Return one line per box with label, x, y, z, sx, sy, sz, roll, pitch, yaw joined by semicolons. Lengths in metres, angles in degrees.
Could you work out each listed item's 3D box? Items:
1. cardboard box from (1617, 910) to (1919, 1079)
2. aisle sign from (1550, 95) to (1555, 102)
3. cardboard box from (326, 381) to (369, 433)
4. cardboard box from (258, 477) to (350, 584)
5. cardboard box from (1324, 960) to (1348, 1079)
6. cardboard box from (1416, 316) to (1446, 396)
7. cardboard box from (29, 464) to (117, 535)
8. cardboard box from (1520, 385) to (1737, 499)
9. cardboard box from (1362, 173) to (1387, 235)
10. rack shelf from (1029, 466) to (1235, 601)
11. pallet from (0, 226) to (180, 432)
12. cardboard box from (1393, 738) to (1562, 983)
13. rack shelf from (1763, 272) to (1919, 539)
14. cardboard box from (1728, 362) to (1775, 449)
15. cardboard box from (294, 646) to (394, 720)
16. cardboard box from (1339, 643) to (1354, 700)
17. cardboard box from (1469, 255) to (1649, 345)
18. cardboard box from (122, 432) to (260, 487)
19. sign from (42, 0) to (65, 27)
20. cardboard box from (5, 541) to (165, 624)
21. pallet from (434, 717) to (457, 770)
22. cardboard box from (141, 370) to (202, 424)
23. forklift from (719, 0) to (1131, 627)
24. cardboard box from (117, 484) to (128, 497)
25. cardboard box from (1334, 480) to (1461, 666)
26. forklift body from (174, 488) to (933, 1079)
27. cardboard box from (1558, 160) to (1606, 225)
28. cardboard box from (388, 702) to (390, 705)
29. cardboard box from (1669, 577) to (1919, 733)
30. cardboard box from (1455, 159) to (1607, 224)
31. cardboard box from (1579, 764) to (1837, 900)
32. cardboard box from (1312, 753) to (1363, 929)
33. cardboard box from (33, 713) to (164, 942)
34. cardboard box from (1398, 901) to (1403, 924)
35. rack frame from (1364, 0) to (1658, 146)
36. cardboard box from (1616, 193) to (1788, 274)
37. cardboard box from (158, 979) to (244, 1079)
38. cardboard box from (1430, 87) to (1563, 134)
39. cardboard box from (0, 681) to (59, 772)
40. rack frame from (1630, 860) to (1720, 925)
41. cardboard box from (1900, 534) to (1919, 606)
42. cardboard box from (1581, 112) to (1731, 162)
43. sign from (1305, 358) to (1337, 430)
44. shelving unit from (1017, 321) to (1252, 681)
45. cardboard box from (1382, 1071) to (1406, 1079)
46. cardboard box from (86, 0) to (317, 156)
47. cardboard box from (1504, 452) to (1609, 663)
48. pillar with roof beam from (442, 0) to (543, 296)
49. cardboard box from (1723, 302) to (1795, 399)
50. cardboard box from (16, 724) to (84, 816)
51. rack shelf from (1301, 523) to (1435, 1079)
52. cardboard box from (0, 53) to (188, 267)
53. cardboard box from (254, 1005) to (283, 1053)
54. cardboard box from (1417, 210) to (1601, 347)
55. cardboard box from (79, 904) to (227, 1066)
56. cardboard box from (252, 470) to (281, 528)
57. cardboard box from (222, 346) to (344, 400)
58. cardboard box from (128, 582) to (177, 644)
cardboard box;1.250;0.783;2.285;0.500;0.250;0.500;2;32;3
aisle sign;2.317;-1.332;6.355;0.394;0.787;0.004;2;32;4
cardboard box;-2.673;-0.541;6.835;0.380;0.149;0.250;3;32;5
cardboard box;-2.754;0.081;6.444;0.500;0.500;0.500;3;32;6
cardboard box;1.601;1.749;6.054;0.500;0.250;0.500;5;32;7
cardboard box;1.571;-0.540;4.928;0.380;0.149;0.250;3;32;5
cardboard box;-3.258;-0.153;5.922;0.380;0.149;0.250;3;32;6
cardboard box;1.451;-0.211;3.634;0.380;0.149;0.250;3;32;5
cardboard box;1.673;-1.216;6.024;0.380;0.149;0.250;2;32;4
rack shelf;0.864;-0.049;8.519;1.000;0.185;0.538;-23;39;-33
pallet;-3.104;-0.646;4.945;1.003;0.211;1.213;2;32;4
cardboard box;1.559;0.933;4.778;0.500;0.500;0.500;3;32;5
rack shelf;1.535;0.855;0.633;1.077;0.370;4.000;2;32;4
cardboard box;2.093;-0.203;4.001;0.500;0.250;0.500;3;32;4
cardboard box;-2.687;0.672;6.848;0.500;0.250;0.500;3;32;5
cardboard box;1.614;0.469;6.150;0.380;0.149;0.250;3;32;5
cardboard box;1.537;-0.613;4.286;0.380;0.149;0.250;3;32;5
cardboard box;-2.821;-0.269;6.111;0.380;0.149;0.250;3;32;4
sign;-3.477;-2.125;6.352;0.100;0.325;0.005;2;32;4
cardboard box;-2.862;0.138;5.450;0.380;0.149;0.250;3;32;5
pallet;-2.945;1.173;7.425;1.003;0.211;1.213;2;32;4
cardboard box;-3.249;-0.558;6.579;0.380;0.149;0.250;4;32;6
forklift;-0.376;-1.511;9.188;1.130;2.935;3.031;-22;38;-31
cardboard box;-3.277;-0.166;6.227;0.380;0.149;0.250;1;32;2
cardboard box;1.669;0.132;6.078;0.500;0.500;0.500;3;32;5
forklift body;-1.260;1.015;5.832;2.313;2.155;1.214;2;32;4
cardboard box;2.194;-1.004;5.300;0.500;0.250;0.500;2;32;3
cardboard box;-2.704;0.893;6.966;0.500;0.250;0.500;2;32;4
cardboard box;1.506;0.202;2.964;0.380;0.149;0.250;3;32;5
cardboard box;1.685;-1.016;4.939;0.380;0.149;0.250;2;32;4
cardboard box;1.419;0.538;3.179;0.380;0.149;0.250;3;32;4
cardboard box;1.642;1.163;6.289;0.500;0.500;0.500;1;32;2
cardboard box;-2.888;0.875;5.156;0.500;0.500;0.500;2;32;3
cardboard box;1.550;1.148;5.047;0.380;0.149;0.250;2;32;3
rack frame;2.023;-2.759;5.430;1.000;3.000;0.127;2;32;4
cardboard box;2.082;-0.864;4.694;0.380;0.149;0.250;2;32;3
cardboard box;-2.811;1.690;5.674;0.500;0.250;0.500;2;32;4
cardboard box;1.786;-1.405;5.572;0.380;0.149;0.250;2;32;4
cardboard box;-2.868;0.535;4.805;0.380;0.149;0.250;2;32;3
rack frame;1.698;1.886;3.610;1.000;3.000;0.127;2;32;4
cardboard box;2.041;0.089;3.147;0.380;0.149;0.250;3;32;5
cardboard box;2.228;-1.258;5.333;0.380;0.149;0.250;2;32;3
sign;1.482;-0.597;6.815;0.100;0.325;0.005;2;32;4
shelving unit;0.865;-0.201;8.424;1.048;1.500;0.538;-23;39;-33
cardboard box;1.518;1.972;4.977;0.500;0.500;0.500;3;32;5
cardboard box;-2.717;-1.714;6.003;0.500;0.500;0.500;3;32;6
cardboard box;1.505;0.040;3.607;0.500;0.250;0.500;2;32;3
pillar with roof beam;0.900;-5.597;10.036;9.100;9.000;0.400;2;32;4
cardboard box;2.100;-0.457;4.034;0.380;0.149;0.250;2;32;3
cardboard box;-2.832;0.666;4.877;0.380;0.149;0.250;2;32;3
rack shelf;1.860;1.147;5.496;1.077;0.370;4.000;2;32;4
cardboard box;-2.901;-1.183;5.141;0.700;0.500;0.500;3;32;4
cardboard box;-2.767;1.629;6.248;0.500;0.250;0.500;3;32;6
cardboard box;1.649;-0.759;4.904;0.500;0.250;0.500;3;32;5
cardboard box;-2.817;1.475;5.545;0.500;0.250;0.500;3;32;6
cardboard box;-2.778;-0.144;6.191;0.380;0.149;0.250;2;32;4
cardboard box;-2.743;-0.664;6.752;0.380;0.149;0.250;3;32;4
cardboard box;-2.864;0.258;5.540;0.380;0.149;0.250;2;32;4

------------------------------------------------------------------------

▶ _Exercise instructions_
Copy only this part of the entries above: the line with "27. cardboard box", the line with "45. cardboard box", and the lines between, all exactly as written.

▶ _Response_
27. cardboard box from (1558, 160) to (1606, 225)
28. cardboard box from (388, 702) to (390, 705)
29. cardboard box from (1669, 577) to (1919, 733)
30. cardboard box from (1455, 159) to (1607, 224)
31. cardboard box from (1579, 764) to (1837, 900)
32. cardboard box from (1312, 753) to (1363, 929)
33. cardboard box from (33, 713) to (164, 942)
34. cardboard box from (1398, 901) to (1403, 924)
35. rack frame from (1364, 0) to (1658, 146)
36. cardboard box from (1616, 193) to (1788, 274)
37. cardboard box from (158, 979) to (244, 1079)
38. cardboard box from (1430, 87) to (1563, 134)
39. cardboard box from (0, 681) to (59, 772)
40. rack frame from (1630, 860) to (1720, 925)
41. cardboard box from (1900, 534) to (1919, 606)
42. cardboard box from (1581, 112) to (1731, 162)
43. sign from (1305, 358) to (1337, 430)
44. shelving unit from (1017, 321) to (1252, 681)
45. cardboard box from (1382, 1071) to (1406, 1079)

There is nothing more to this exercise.